» **ACTION ITEM**
Starting at the line that contains "Calculate 3D bounding" and ending at the line that contains "29. cardboard box <box>1514,26,1542,107</box>", the lines below are to be given again exactly, with nothing added.

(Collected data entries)
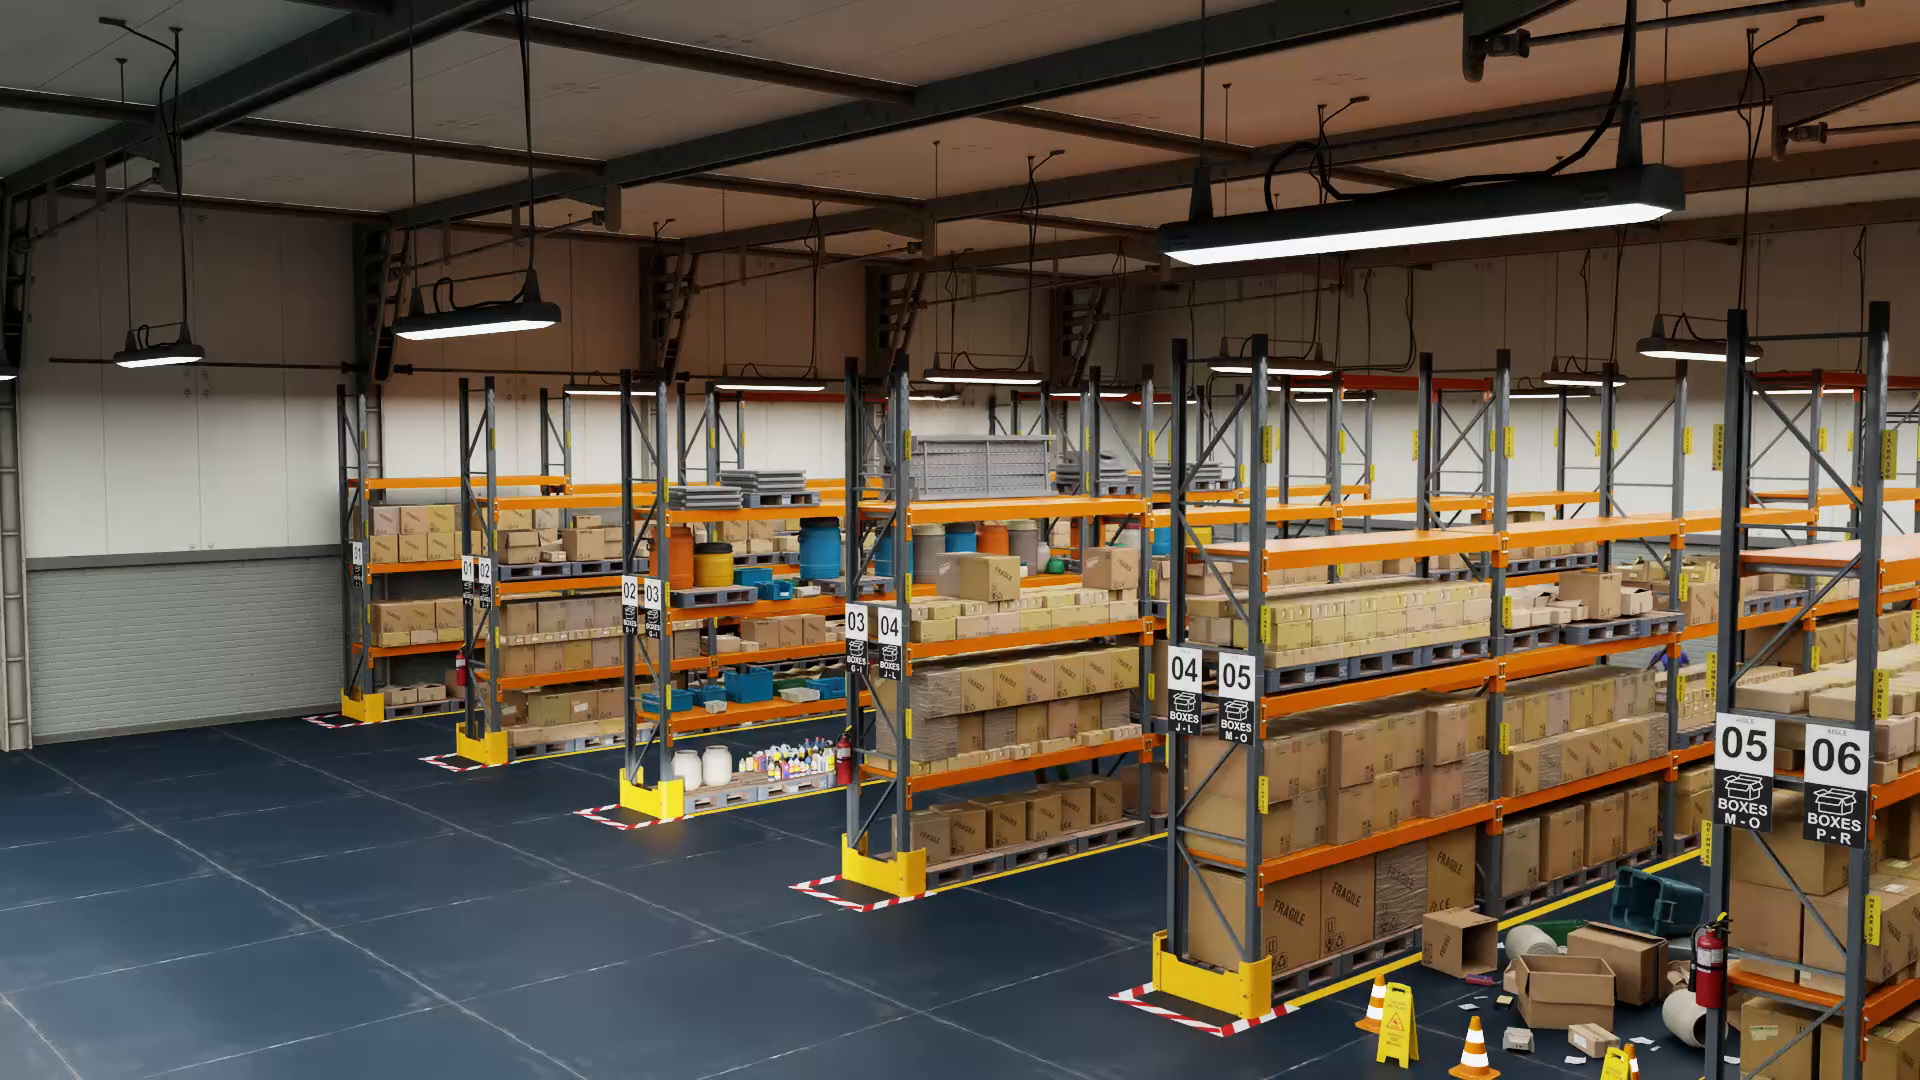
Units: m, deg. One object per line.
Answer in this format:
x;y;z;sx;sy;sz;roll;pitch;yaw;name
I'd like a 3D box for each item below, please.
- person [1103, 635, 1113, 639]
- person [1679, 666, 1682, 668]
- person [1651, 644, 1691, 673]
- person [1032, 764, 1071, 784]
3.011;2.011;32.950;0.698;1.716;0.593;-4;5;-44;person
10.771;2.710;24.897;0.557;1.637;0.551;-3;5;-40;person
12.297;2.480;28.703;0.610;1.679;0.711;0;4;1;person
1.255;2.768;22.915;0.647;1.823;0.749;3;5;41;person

* * *

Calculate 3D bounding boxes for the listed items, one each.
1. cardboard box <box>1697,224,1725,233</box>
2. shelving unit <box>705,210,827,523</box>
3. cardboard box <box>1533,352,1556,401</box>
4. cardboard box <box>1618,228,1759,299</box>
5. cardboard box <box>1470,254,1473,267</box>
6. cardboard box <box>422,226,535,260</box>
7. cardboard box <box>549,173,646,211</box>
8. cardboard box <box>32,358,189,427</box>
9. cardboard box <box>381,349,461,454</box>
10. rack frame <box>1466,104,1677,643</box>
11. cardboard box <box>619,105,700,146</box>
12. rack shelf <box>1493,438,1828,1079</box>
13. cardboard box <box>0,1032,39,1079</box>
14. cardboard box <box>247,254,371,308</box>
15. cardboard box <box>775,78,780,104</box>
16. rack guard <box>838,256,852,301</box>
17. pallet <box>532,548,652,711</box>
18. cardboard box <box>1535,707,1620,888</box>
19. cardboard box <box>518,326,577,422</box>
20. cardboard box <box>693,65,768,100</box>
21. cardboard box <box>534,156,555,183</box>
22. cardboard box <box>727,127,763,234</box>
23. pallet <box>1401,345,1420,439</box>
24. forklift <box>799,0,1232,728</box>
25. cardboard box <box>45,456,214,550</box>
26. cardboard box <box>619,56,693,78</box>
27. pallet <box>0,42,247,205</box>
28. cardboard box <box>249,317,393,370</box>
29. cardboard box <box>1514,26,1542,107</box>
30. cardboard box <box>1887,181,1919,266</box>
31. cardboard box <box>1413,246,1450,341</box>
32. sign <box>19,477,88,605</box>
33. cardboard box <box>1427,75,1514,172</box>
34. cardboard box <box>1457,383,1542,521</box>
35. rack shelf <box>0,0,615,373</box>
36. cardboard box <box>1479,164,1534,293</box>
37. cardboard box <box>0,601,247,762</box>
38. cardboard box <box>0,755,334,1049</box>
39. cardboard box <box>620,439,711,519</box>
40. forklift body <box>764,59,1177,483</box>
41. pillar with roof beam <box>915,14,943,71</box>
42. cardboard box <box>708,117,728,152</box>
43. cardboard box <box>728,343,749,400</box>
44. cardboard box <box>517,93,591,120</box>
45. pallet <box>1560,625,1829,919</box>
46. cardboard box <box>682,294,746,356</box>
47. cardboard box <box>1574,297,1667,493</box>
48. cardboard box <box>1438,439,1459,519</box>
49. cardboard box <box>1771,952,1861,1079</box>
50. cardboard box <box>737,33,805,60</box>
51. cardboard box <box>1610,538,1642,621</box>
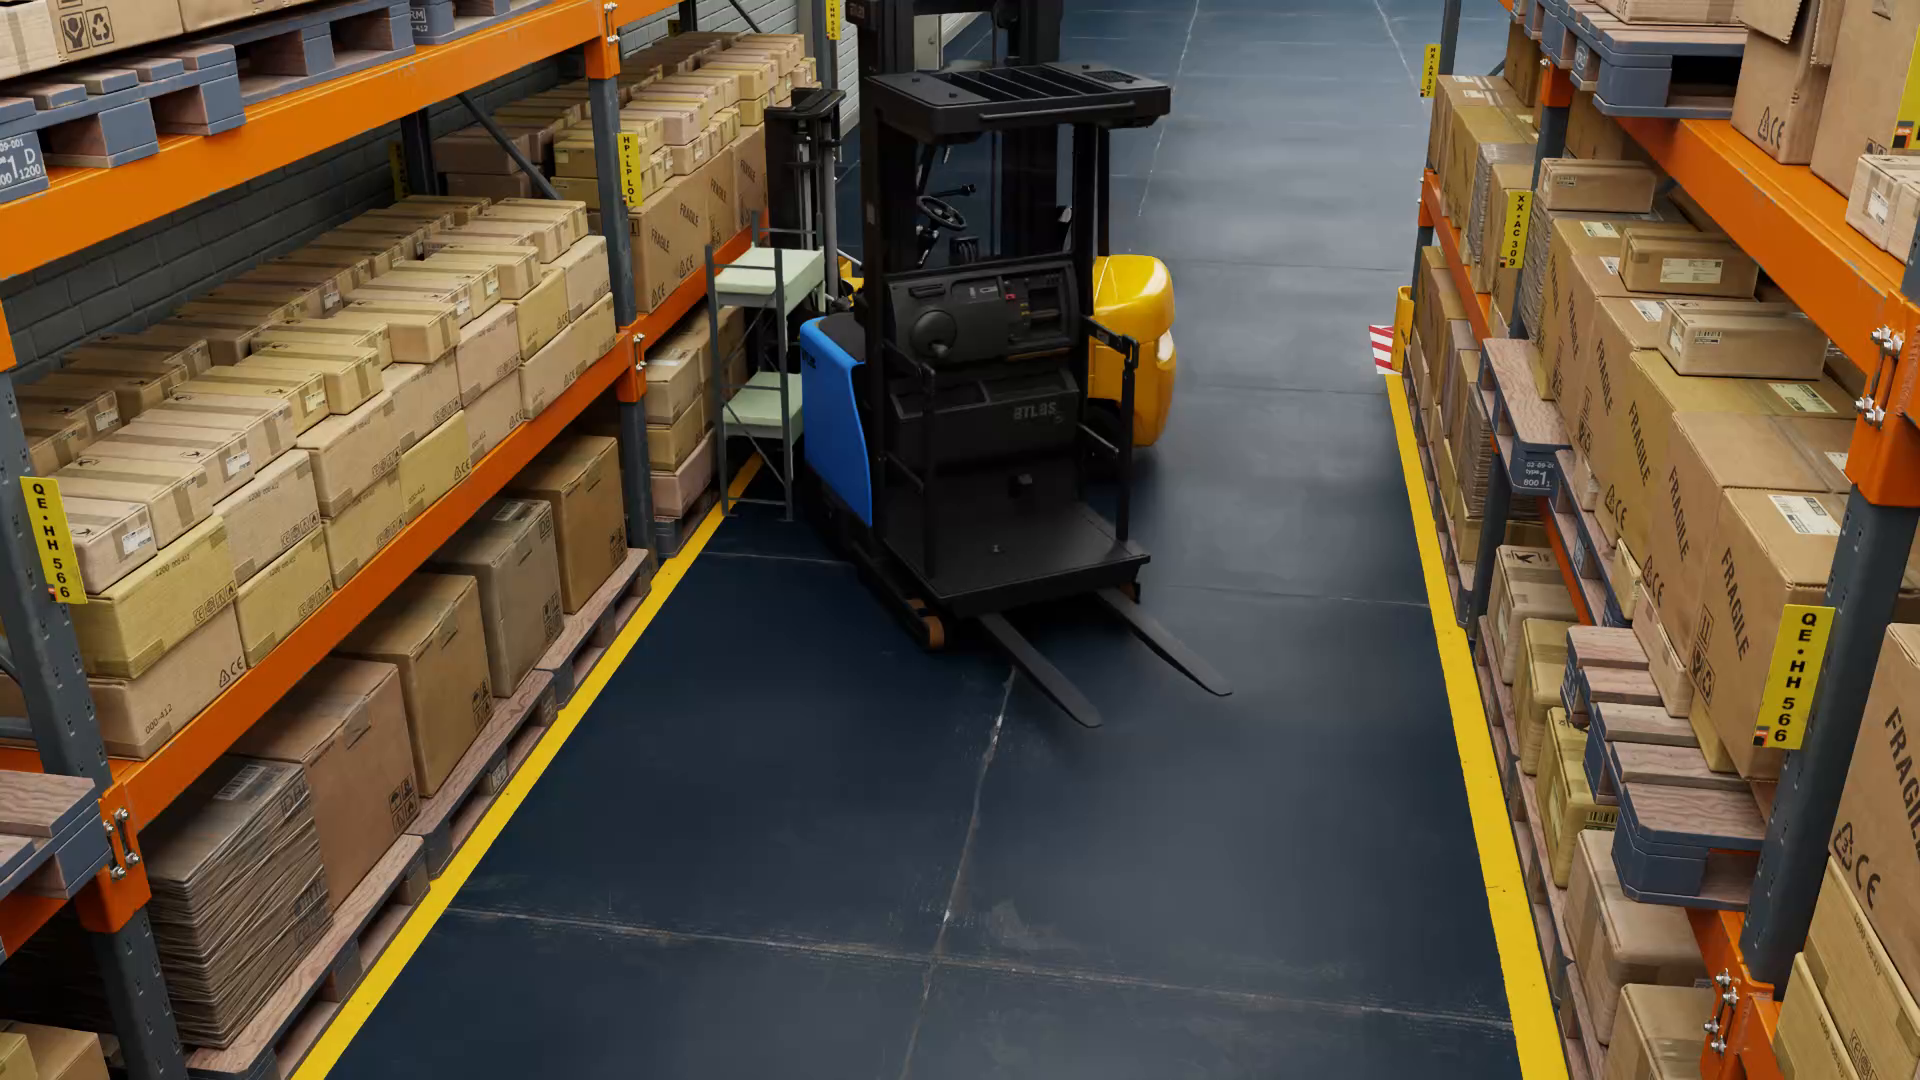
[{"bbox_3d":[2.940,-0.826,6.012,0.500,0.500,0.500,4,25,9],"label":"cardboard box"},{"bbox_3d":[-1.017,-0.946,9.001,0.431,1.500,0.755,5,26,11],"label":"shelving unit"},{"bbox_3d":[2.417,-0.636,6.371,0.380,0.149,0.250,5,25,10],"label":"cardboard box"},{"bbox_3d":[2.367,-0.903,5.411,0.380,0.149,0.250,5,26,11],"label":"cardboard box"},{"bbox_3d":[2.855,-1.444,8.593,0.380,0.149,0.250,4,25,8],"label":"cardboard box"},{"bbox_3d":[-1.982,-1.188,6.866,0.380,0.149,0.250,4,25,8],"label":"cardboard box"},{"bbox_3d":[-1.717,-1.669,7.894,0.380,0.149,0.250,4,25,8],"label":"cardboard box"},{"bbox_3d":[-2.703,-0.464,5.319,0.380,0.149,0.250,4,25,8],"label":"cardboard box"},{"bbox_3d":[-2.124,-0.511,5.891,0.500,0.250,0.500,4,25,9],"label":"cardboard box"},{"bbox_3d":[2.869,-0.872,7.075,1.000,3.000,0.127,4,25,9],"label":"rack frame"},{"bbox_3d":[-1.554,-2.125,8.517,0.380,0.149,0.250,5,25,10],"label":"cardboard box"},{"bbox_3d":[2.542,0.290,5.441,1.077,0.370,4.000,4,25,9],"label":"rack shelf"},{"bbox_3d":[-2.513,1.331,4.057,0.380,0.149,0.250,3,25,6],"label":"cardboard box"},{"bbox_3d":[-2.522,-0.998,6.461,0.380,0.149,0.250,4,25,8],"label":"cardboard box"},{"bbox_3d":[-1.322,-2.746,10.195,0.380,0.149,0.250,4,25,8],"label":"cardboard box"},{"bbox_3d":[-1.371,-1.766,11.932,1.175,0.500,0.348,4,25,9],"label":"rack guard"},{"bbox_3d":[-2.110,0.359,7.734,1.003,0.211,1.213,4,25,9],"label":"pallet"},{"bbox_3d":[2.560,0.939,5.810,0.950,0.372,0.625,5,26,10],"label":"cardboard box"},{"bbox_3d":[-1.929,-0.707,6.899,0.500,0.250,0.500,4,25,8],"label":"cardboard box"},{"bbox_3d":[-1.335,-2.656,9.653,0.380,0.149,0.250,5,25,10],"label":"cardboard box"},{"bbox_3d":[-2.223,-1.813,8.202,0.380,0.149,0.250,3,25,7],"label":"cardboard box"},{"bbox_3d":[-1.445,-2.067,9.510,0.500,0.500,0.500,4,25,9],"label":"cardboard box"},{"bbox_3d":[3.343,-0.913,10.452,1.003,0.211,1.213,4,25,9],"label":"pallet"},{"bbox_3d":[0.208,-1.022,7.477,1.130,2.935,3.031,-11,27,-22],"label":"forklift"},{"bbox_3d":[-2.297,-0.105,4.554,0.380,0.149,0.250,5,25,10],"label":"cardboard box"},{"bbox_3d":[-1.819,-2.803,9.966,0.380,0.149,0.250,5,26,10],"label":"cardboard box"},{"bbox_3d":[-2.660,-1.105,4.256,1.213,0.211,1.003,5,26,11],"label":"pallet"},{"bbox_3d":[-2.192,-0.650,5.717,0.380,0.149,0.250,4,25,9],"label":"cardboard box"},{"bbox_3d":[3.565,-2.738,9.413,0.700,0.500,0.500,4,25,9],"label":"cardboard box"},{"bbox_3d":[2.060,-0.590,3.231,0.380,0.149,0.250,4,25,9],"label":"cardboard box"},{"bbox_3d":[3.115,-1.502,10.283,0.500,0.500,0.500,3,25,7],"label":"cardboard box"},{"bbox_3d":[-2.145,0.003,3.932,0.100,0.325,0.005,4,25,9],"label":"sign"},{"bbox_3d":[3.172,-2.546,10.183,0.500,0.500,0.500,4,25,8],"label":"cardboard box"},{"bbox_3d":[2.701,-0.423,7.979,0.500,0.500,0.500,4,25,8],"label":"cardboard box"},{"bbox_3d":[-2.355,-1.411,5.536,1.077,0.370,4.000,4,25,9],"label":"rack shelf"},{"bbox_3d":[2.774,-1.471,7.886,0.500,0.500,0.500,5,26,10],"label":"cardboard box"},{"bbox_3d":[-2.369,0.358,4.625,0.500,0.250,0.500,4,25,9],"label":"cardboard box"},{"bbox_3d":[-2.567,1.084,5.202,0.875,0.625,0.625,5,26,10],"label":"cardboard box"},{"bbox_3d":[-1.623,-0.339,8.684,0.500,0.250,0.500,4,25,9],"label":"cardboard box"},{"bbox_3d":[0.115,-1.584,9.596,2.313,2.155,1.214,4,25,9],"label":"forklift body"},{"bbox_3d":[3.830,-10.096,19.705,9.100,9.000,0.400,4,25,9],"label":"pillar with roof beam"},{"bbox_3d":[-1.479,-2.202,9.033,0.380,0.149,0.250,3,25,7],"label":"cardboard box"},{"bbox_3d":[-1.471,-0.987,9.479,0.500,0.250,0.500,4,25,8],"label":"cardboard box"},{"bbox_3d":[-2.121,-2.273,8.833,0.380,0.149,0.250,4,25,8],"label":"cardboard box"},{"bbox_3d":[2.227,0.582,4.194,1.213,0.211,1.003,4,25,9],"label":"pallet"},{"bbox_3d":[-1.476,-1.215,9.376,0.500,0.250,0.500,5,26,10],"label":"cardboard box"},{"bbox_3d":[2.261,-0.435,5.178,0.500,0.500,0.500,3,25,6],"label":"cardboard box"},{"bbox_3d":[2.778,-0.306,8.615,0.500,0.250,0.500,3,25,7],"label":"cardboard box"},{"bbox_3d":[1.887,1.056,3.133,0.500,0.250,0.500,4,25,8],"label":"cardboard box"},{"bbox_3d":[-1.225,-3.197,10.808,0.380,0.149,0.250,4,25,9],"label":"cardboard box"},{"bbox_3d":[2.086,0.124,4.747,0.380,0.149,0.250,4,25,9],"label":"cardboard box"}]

» **RESULT**
Calculate 3D bounding boxes for the listed items, one each.
1. cardboard box <box>1697,224,1725,233</box>
2. shelving unit <box>705,210,827,523</box>
3. cardboard box <box>1533,352,1556,401</box>
4. cardboard box <box>1618,228,1759,299</box>
5. cardboard box <box>1470,254,1473,267</box>
6. cardboard box <box>422,226,535,260</box>
7. cardboard box <box>549,173,646,211</box>
8. cardboard box <box>32,358,189,427</box>
9. cardboard box <box>381,349,461,454</box>
10. rack frame <box>1466,104,1677,643</box>
11. cardboard box <box>619,105,700,146</box>
12. rack shelf <box>1493,438,1828,1079</box>
13. cardboard box <box>0,1032,39,1079</box>
14. cardboard box <box>247,254,371,308</box>
15. cardboard box <box>775,78,780,104</box>
16. rack guard <box>838,256,852,301</box>
17. pallet <box>532,548,652,711</box>
18. cardboard box <box>1535,707,1620,888</box>
19. cardboard box <box>518,326,577,422</box>
20. cardboard box <box>693,65,768,100</box>
21. cardboard box <box>534,156,555,183</box>
22. cardboard box <box>727,127,763,234</box>
23. pallet <box>1401,345,1420,439</box>
24. forklift <box>799,0,1232,728</box>
25. cardboard box <box>45,456,214,550</box>
26. cardboard box <box>619,56,693,78</box>
27. pallet <box>0,42,247,205</box>
28. cardboard box <box>249,317,393,370</box>
29. cardboard box <box>1514,26,1542,107</box>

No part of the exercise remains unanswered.